Pull every line holding the string "THIS" from the records below.
== LISTED ENTRIES ==
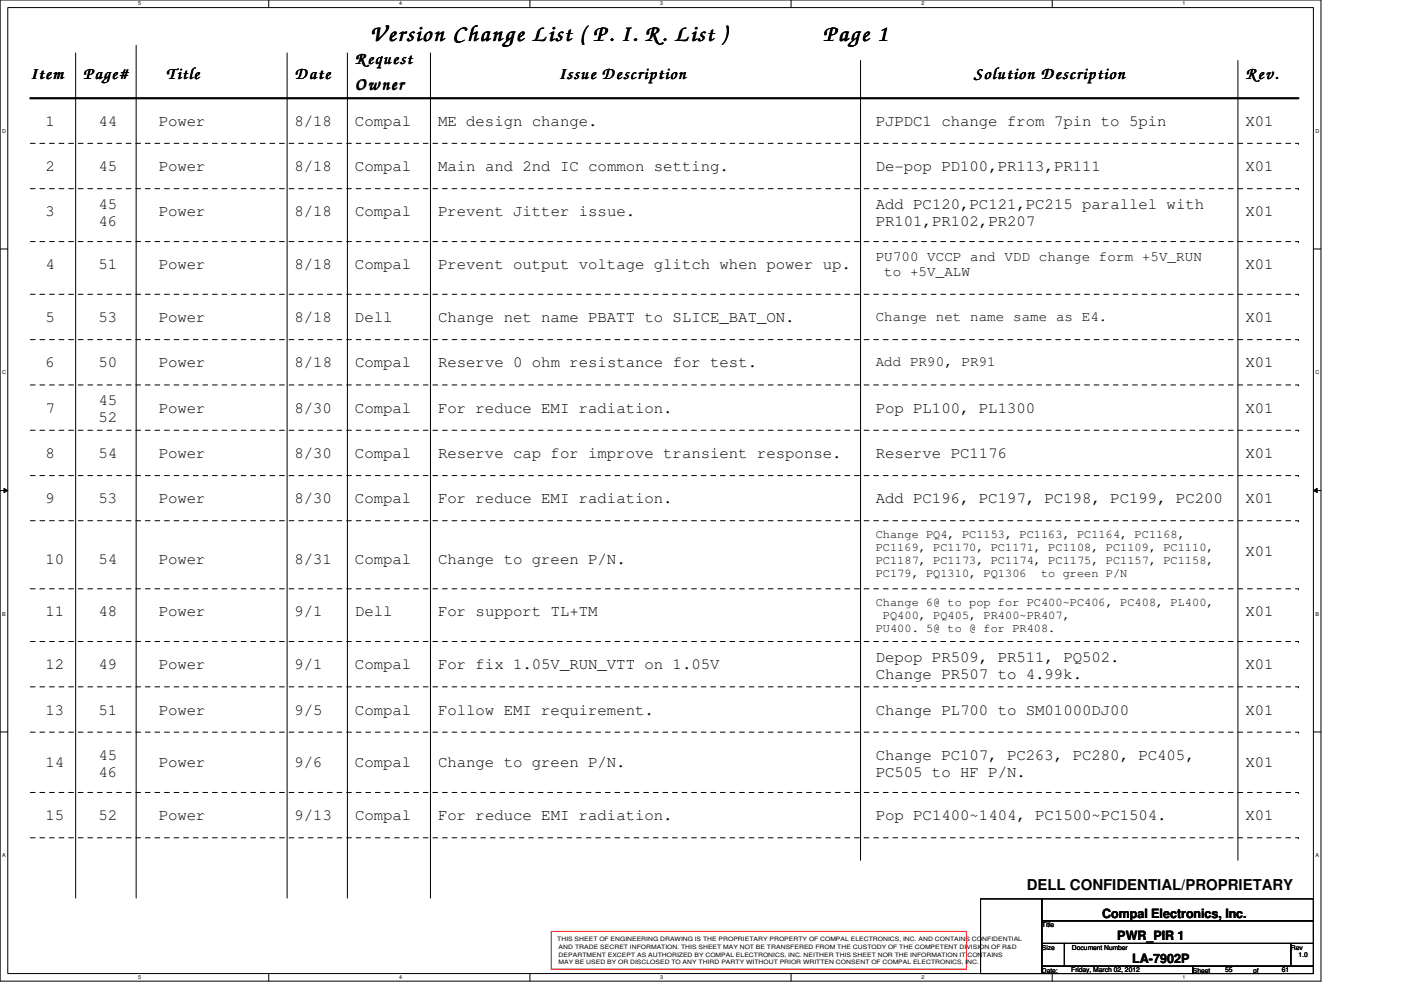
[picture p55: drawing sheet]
<svg xmlns="http://www.w3.org/2000/svg" width="297mm" height="210mm" viewBox="0 0 297 210" stroke-linecap="round" stroke-linejoin="round" font-family="sans-serif">
<defs><g id="words">
<g font-size="5.9">
<text x="78.5" y="8.6">Version Change List ( P. I. R. List )</text>
<text x="174.5" y="8.7">Page 1</text>
</g>
<g font-size="4.3">
<text x="6.4" y="16.8">Item</text>
<text x="17.6" y="16.8">Page#</text>
<text x="35.3" y="16.8">Title</text>
<text x="62.4" y="16.8">Date</text>
<text x="75.3" y="13.6">Request</text>
<text x="118.5" y="16.8">Issue Description</text>
<text x="206.5" y="16.8">Solution Description</text>
<text x="264.1" y="16.8">Rev.</text>
<text x="75.3" y="19">Owner</text>
</g>
<g font-size="3.3">
<text x="9.6" y="26.7">1</text>
<text x="20.9" y="26.7">44</text>
<text x="33.7" y="26.7">Power</text>
<text x="62.4" y="26.7">8/18</text>
<text x="75.3" y="26.7">Compal</text>
<text x="92.9" y="26.7">ME design change.</text>
<text x="185.7" y="26.7">PJPDC1 change from 7pin to 5pin</text>
<text x="264.1" y="26.7">X01</text>
<text x="9.6" y="36.3">2</text>
<text x="20.9" y="36.3">45</text>
<text x="33.7" y="36.3">Power</text>
<text x="62.4" y="36.3">8/18</text>
<text x="75.3" y="36.3">Compal</text>
<text x="92.9" y="36.3">Main and 2nd IC common setting.</text>
<text x="185.7" y="36.3">De-pop PD100,PR113,PR111</text>
<text x="264.1" y="36.3">X01</text>
<text x="9.6" y="45.9">3</text>
<text x="20.9" y="44.3">45</text>
<text x="20.9" y="47.9">46</text>
<text x="33.7" y="45.9">Power</text>
<text x="62.4" y="45.9">8/18</text>
<text x="75.3" y="45.9">Compal</text>
<text x="92.9" y="45.9">Prevent Jitter issue.</text>
<text x="185.7" y="44.3">Add PC120,PC121,PC215 parallel with</text>
<text x="185.7" y="47.9">PR101,PR102,PR207</text>
<text x="264.1" y="45.9">X01</text>
<text x="9.6" y="57.1">4</text>
<text x="20.9" y="57.1">51</text>
<text x="33.7" y="57.1">Power</text>
<text x="62.4" y="57.1">8/18</text>
<text x="75.3" y="57.1">Compal</text>
<text x="92.9" y="57.1">Prevent output voltage glitch when power up.</text>
<text x="264.1" y="57.1">X01</text>
<text x="9.6" y="68.3">5</text>
<text x="20.9" y="68.3">53</text>
<text x="33.7" y="68.3">Power</text>
<text x="62.4" y="68.3">8/18</text>
<text x="75.3" y="68.3">Dell</text>
<text x="92.9" y="68.3">Change net name PBATT to SLICE_BAT_ON.</text>
<text x="264.1" y="68.3">X01</text>
<text x="9.7" y="77.9">6</text>
<text x="20.9" y="77.9">50</text>
<text x="33.7" y="77.9">Power</text>
<text x="62.4" y="77.9">8/18</text>
<text x="75.3" y="77.9">Compal</text>
<text x="92.9" y="77.9">Reserve 0 ohm resistance for test.</text>
<text x="264.1" y="77.9">X01</text>
<text x="9.6" y="87.5">7</text>
<text x="20.9" y="85.9">45</text>
<text x="20.9" y="89.5">52</text>
<text x="33.7" y="87.5">Power</text>
<text x="62.4" y="87.5">8/30</text>
<text x="75.3" y="87.5">Compal</text>
<text x="92.9" y="87.5">For reduce EMI radiation.</text>
<text x="185.7" y="87.5">Pop PL100, PL1300</text>
<text x="264.1" y="87.5">X01</text>
<text x="9.6" y="97.1">8</text>
<text x="20.9" y="97.1">54</text>
<text x="33.7" y="97.1">Power</text>
<text x="62.4" y="97.1">8/30</text>
<text x="75.3" y="97.1">Compal</text>
<text x="92.9" y="97.1">Reserve cap for improve transient response.</text>
<text x="185.7" y="97.1">Reserve PC1176</text>
<text x="264.1" y="97.1">X01</text>
<text x="9.6" y="106.7">9</text>
<text x="20.9" y="106.7">53</text>
<text x="33.7" y="106.7">Power</text>
<text x="62.4" y="106.7">8/30</text>
<text x="75.3" y="106.7">Compal</text>
<text x="92.9" y="106.7">For reduce EMI radiation.</text>
<text x="185.7" y="106.7">Add PC196, PC197, PC198, PC199, PC200</text>
<text x="264.1" y="106.7">X01</text>
<text x="9.7" y="119.5">10</text>
<text x="20.9" y="119.5">54</text>
<text x="33.7" y="119.5">Power</text>
<text x="62.4" y="119.5">8/31</text>
<text x="75.3" y="119.5">Compal</text>
<text x="92.9" y="119.5">Change to green P/N.</text>
<text x="264.1" y="117.9">X01</text>
<text x="9.7" y="130.7">11</text>
<text x="20.9" y="130.7">48</text>
<text x="33.7" y="130.7">Power</text>
<text x="62.4" y="130.7">9/1</text>
<text x="75.3" y="130.7">Dell</text>
<text x="92.9" y="130.7">For support TL+TM</text>
<text x="264.1" y="130.7">X01</text>
<text x="9.6" y="141.9">12</text>
<text x="20.9" y="141.9">49</text>
<text x="33.7" y="141.9">Power</text>
<text x="62.4" y="141.9">9/1</text>
<text x="75.3" y="141.9">Compal</text>
<text x="92.9" y="141.9">For fix 1.05V_RUN_VTT on 1.05V</text>
<text x="185.7" y="140.3">Depop PR509, PR511, PQ502.</text>
<text x="185.7" y="143.9">Change PR507 to 4.99k.</text>
<text x="264.1" y="141.9">X01</text>
<text x="9.6" y="151.5">13</text>
<text x="20.9" y="151.5">51</text>
<text x="33.7" y="151.5">Power</text>
<text x="62.4" y="151.5">9/5</text>
<text x="75.3" y="151.5">Compal</text>
<text x="92.9" y="151.5">Follow EMI requirement.</text>
<text x="185.7" y="151.5">Change PL700 to SM01000DJ00</text>
<text x="264.1" y="151.5">X01</text>
<text x="20.9" y="161.1">45</text>
<text x="185.7" y="161.1">Change PC107, PC263, PC280, PC405,</text>
<text x="9.6" y="162.7">14</text>
<text x="20.9" y="164.7">46</text>
<text x="33.7" y="162.7">Power</text>
<text x="62.4" y="162.7">9/6</text>
<text x="75.3" y="162.7">Compal</text>
<text x="92.9" y="162.7">Change to green P/N.</text>
<text x="185.7" y="164.7">PC505 to HF P/N.</text>
<text x="264.1" y="162.7">X01</text>
<text x="9.7" y="173.9">15</text>
<text x="20.9" y="173.9">52</text>
<text x="33.7" y="173.9">Power</text>
<text x="62.4" y="173.9">9/13</text>
<text x="75.3" y="173.9">Compal</text>
<text x="92.9" y="173.9">For reduce EMI radiation.</text>
<text x="185.7" y="173.9">Pop PC1400~1404, PC1500~PC1504.</text>
<text x="264.1" y="173.9">X01</text>
</g>
<text font-size="3.2" x="217.7" y="188.6">DELL CONFIDENTIAL/PROPRIETARY</text>
<g font-size="3">
<text x="185.7" y="55.2">PU700 VCCP and VDD change form +5V_RUN</text>
<text x="187.5" y="58.5">to +5V_ALW</text>
<text x="185.7" y="68">Change net name same as E4.</text>
<text x="185.7" y="77.6">Add PR90, PR91</text>
</g>
<g font-size="2.7">
<text x="233.7" y="194.6">Compal Electronics, Inc.</text>
<text x="236.9" y="199.4">PWR_PIR 1</text>
<text x="240.1" y="204.2">LA-7902P</text>
</g>
<g font-size="2.5">
<text x="185.7" y="114.1">Change PQ4, PC1153, PC1163, PC1164, PC1168,</text>
<text x="185.7" y="116.8">PC1169, PC1170, PC1171, PC1108, PC1109, PC1110,</text>
<text x="185.7" y="119.6">PC1187, PC1173, PC1174, PC1175, PC1157, PC1158,</text>
<text x="185.7" y="122.3">PC179, PQ1310, PQ1306</text>
<text x="220.7" y="122.3">to green P/N</text>
<text x="185.7" y="128.5">Change 6@ to pop for PC400~PC406, PC408, PL400,</text>
<text x="187.2" y="131.2">PQ400, PQ405, PR400~PR407,</text>
<text x="185.7" y="134">PU400. 5@ to @ for PR408.</text>
</g>
<g font-size="1.4">
<text x="220.9" y="196.6">Title</text>
<text x="220.9" y="201.4">Size</text>
<text x="227.3" y="201.4">Document Number</text>
<text x="273.7" y="201.4">Rev</text>
<text x="275.3" y="203">1.0</text>
<text x="220.9" y="206.2">Date:</text>
<text x="227.1" y="206">Friday, March 02, 2012</text>
<text x="252.9" y="206.2">Sheet</text>
<text x="259.8" y="206">55</text>
<text x="265.7" y="206.2">of</text>
<text x="271.8" y="206">61</text>
</g>
<g font-size="1.3">
<text x="118.1" y="199.6">THIS SHEET OF ENGINEERING DRAWING IS THE PROPRIETARY PROPERTY OF COMPAL ELECTRONICS, INC. AND CONTAINS CONFIDENTIAL</text>
<text x="118.4" y="201.2">AND TRADE SECRET INFORMATION. THIS SHEET MAY NOT BE TRANSFERED FROM THE CUSTODY OF THE COMPETENT DIVISION OF R&amp;D</text>
<text x="118.4" y="202.8">DEPARTMENT EXCEPT AS AUTHORIZED BY COMPAL ELECTRONICS, INC. NEITHER THIS SHEET NOR THE INFORMATION IT CONTAINS</text>
<text x="118.4" y="204.4">MAY BE USED BY OR DISCLOSED TO ANY THIRD PARTY WITHOUT PRIOR WRITTEN CONSENT OF COMPAL ELECTRONICS, INC.</text>
</g>
<g font-size="1.1">
<text x="29.3" y="1.1">5</text>
<text x="84.6" y="1.1">4</text>
<text x="140" y="1.1">3</text>
<text x="195.4" y="1.1">2</text>
<text x="250.7" y="1.1">1</text>
<text x=".5" y="28.2">D</text>
<text x="278.9" y="28.2">D</text>
<text x=".5" y="79.3">C</text>
<text x="278.9" y="79.3">C</text>
<text x=".5" y="130.6">B</text>
<text x="278.9" y="130.6">B</text>
<text x=".5" y="181.7">A</text>
<text x="278.9" y="181.7">A</text>
<text x="29.3" y="207.6">5</text>
<text x="84.6" y="207.6">4</text>
<text x="140" y="207.6">3</text>
<text x="195.4" y="207.6">2</text>
<text x="250.7" y="207.6">1</text>
</g>
</g></defs>
<path d="M0 0h280.1v208h-280.1zM1.6 1.6h276.9v204.8h-276.9z" fill="none" stroke="#000" stroke-width=".21"/>
<g fill="#fff">
<path d="M29.3 .2h.6v1.2h-.6z"/>
<path d="M29.3 206.6h.6v1.2h-.6z"/>
</g>
<path d="M57 0v1.6M57 206.4v1.6" fill="none" stroke="#000" stroke-width=".21"/>
<g fill="#fff">
<path d="M84.6 .2h.6v1.2h-.6z"/>
<path d="M84.6 206.6h.6v1.2h-.6z"/>
</g>
<path d="M112.3 0v1.6M112.3 206.4v1.6" fill="none" stroke="#000" stroke-width=".21"/>
<g fill="#fff">
<path d="M140 .2h.6v1.2h-.6z"/>
<path d="M140 206.6h.6v1.2h-.6z"/>
</g>
<path d="M167.7 0v1.6M167.7 206.4v1.6" fill="none" stroke="#000" stroke-width=".21"/>
<g fill="#fff">
<path d="M195.4 .2h.6v1.2h-.6z"/>
<path d="M195.4 206.6h.6v1.2h-.6z"/>
</g>
<path d="M223.1 0v1.6M223.1 206.4v1.6" fill="none" stroke="#000" stroke-width=".21"/>
<g fill="#fff">
<path d="M250.7 .2h.6v1.2h-.6z"/>
<path d="M250.7 206.6h.6v1.2h-.6z"/>
<path d="M.5 27.2h.7v1.2h-.7z"/>
<path d="M278.9 27.2h.8v1.2h-.8z"/>
<path d="M.5 78.4h.7v1.1h-.7z"/>
<path d="M278.9 78.4h.8v1.1h-.8z"/>
</g>
<path d="M0 52.8h1.6M278.5 52.8h1.6" fill="none" stroke="#000" stroke-width=".21"/>
<g fill="#fff">
<path d="M.5 129.6h.7v1.2h-.7z"/>
<path d="M278.9 129.6h.7v1.2h-.7z"/>
</g>
<path d="M0 104h1.6M.8 103.5l.8 .5-.8 .4zM278.5 104h1.6M278.5 104l.8-.5v.9z" fill="none" stroke="#000" stroke-width=".21"/>
<path d="M.8 103.5l.8 .5-.8 .4zM278.5 104l.8-.5v.9z" fill="#000"/>
<g fill="#fff">
<path d="M.5 180.8h.7v1.1h-.7z"/>
<path d="M278.9 180.8h.7v1.1h-.7z"/>
</g>
<g fill="none" stroke="#000" stroke-width=".21">
<path d="M16 11.2v179.2M28.9 9.6v180.8M60.9 11.2v179.2M73.7 11.2v179.2M91.3 11.2v179.2M182.5 12.8v169.6M262.5 12.8v169.6M0 155.2h1.6M278.5 155.2h1.6M207.9 190.6h13v15.8h-13zM220.9 190.6h57.6v4.6h-57.6zM220.9 195.2h57.6v4.8h-57.6z"/>
<path d="M220.9 200h4.8v4.9h-4.8zM220.9 204.9h32v1.5h-32zM225.7 200h48v4.9h-48zM252.9 204.9h25.6v1.5h-25.6zM273.7 200h4.8v4.9h-4.8z"/>
</g>
<path d="M116.9 197.5h88v8h-88z" fill="none" stroke="#f00" stroke-width=".21"/>
<g fill="none" stroke="#000" stroke-width=".21" stroke-dasharray="1 1 1 1 1 1 1 1">
<path d="M6.4 30.4h268.9M275.3 30.4h.1M6.4 40h268.9M6.4 51.2h268.9M275.3 40h.1M275.3 51.2h.1M6.4 62.4h268.9M6.4 72h268.9M275.3 62.4h.1M275.3 72h.1M6.4 81.6h268.9M6.4 91.2h268.9"/>
<path d="M275.3 81.6h.1M275.3 91.2h.1M6.4 100.8h268.9M6.4 110.4h268.9M275.3 100.8h.1M275.3 110.4h.1M6.4 124.8h268.9M6.4 136h268.9M275.3 124.8h.1M275.3 136h.1M6.4 145.6h268.9M6.4 155.2h268.9"/>
<path d="M275.3 145.6h.1M275.3 155.2h.1M6.4 168h268.9M6.4 177.6h268.9M275.3 168h.1M275.3 177.6h.1"/>
</g>
<path d="M6.4 20.8h268.9" fill="none" stroke="#000" stroke-width=".47"/>
<use href="#words"/>
</svg>
===
**PROBLEM SOLUTION:**
<text x="118.1" y="199.6">THIS SHEET OF ENGINEERING DRAWING IS THE PROPRIETARY PROPERTY OF COMPAL ELECTRONICS, INC. AND CONTAINS CONFIDENTIAL</text>
<text x="118.4" y="201.2">AND TRADE SECRET INFORMATION. THIS SHEET MAY NOT BE TRANSFERED FROM THE CUSTODY OF THE COMPETENT DIVISION OF R&amp;D</text>
<text x="118.4" y="202.8">DEPARTMENT EXCEPT AS AUTHORIZED BY COMPAL ELECTRONICS, INC. NEITHER THIS SHEET NOR THE INFORMATION IT CONTAINS</text>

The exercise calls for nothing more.